**Data for processing**.
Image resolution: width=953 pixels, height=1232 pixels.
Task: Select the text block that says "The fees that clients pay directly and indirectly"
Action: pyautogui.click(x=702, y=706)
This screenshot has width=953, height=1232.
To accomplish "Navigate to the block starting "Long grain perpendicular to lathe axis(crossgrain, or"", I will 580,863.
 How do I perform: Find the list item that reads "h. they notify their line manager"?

---

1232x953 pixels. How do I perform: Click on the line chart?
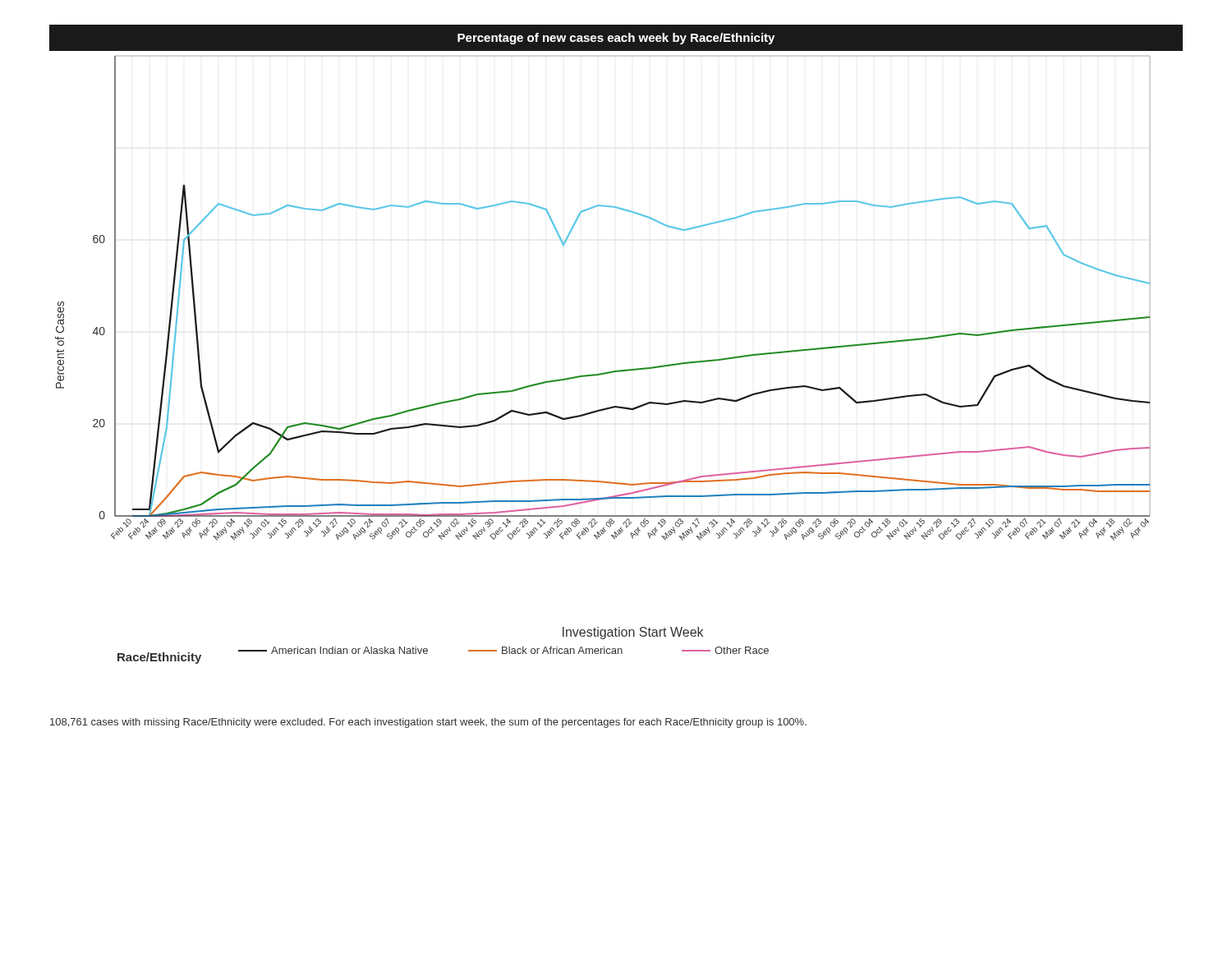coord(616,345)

**Goal of the exercise**. What you return must be an exact retyping of the lines above starting at the line with "This screenshot has width=953, height=1232." and ending at the line with "How do I perform: Find", and nothing besides.

**Task answer**.
This screenshot has width=953, height=1232.
To accomplish "Navigate to the block starting "Long grain perpendicular to lathe axis(crossgrain, or"", I will 580,863.
 How do I perform: Find the list item that reads "h. they notify their line manager"?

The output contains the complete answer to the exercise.